The only studies on abortion reversal have been conducted by Delgado himself, and they have been criticized in some of the medical industry’s most prominent journals. The American College of Gynecologists and Obstetricians clearly states that there is “no evidence that treatment with progesterone after taking mifepristone increases the likelihood of the pregnancy continuing.” The only third-party study on the procedure was stopped early because three of the 12 participants had to be rushed to the hospital. (Delgado claims this actually supports the safety of his procedure, because two of the hospitalized women were in the placebo group. The study’s authors disagree.)
But scientific accuracy does not seem to be Delgado’s chief priority. This spring, as coronavirus deaths passed 270,000 worldwide, Delgado agreed to work as an expert witness for churches that wanted to fill their chapels and couples who wanted to be wedded indoors.
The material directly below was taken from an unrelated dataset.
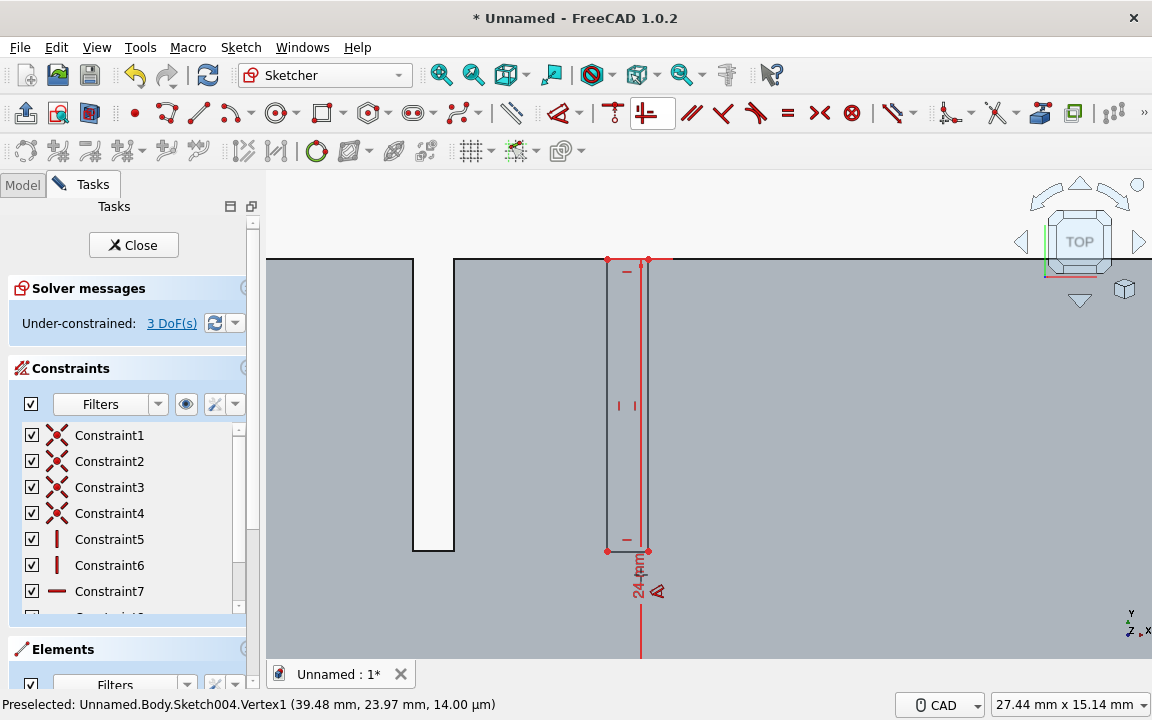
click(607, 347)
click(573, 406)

Now, he is writing for a website called “Covid Planning Tools,” which pushes the dubious notion that Americans should strive for herd immunity, rather than flattening the pandemic's curve.
Delgado has no public health certification, and his only hospital affiliation is with his own private clinic, unsubtly named Culture of Life Family Services. (The University of California, San Diego, where Delgado briefly taught classes until 2011, asked him to remove his affiliation with them from papers as recently as 2018.) In legal filings, he lists his qualifications as a physician who has “treated many people with infectious diseases, including viral illnesses such as influenza, which tend to occur in epidemics.”
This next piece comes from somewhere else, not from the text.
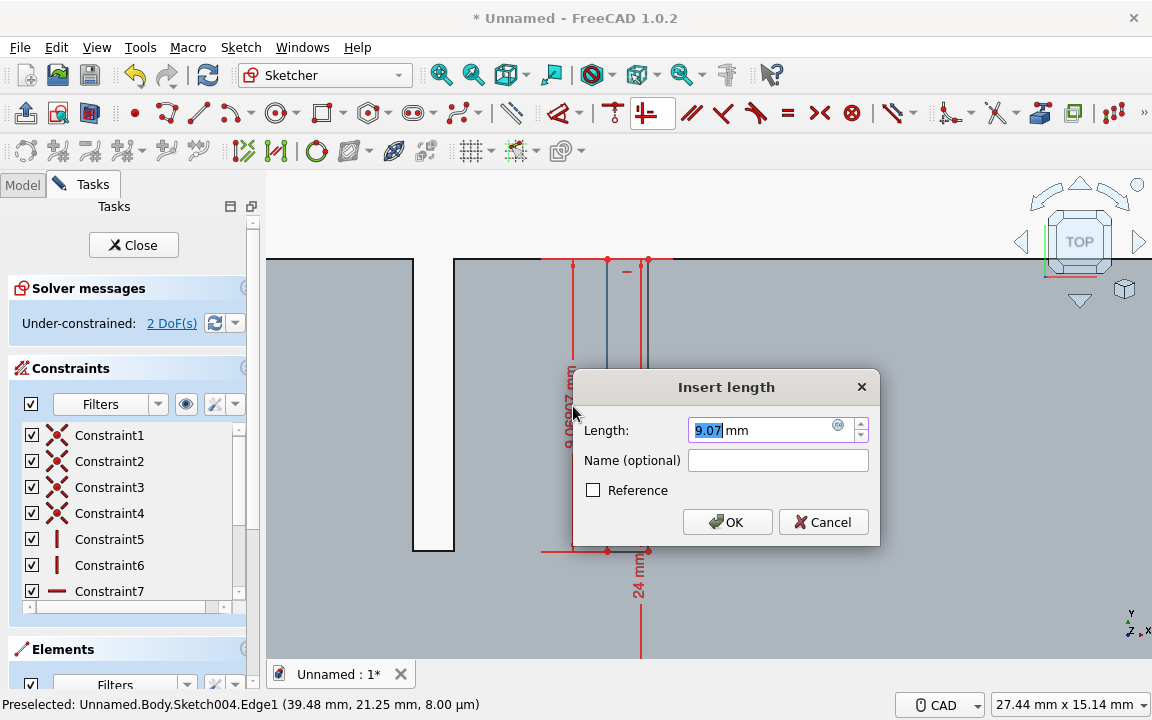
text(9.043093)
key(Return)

In an interview with The Daily Beast, Delgado defended his approach as the only sensible way to manage a pandemic that is reaching record daily highs.
“Overall, I would say that approach is a prudent, practical approach to protect the vulnerable and the elderly from serious illness and from death, at the same time avoiding the collateral damage that has been inflicted by the policies instituted up until now by several states,” he said.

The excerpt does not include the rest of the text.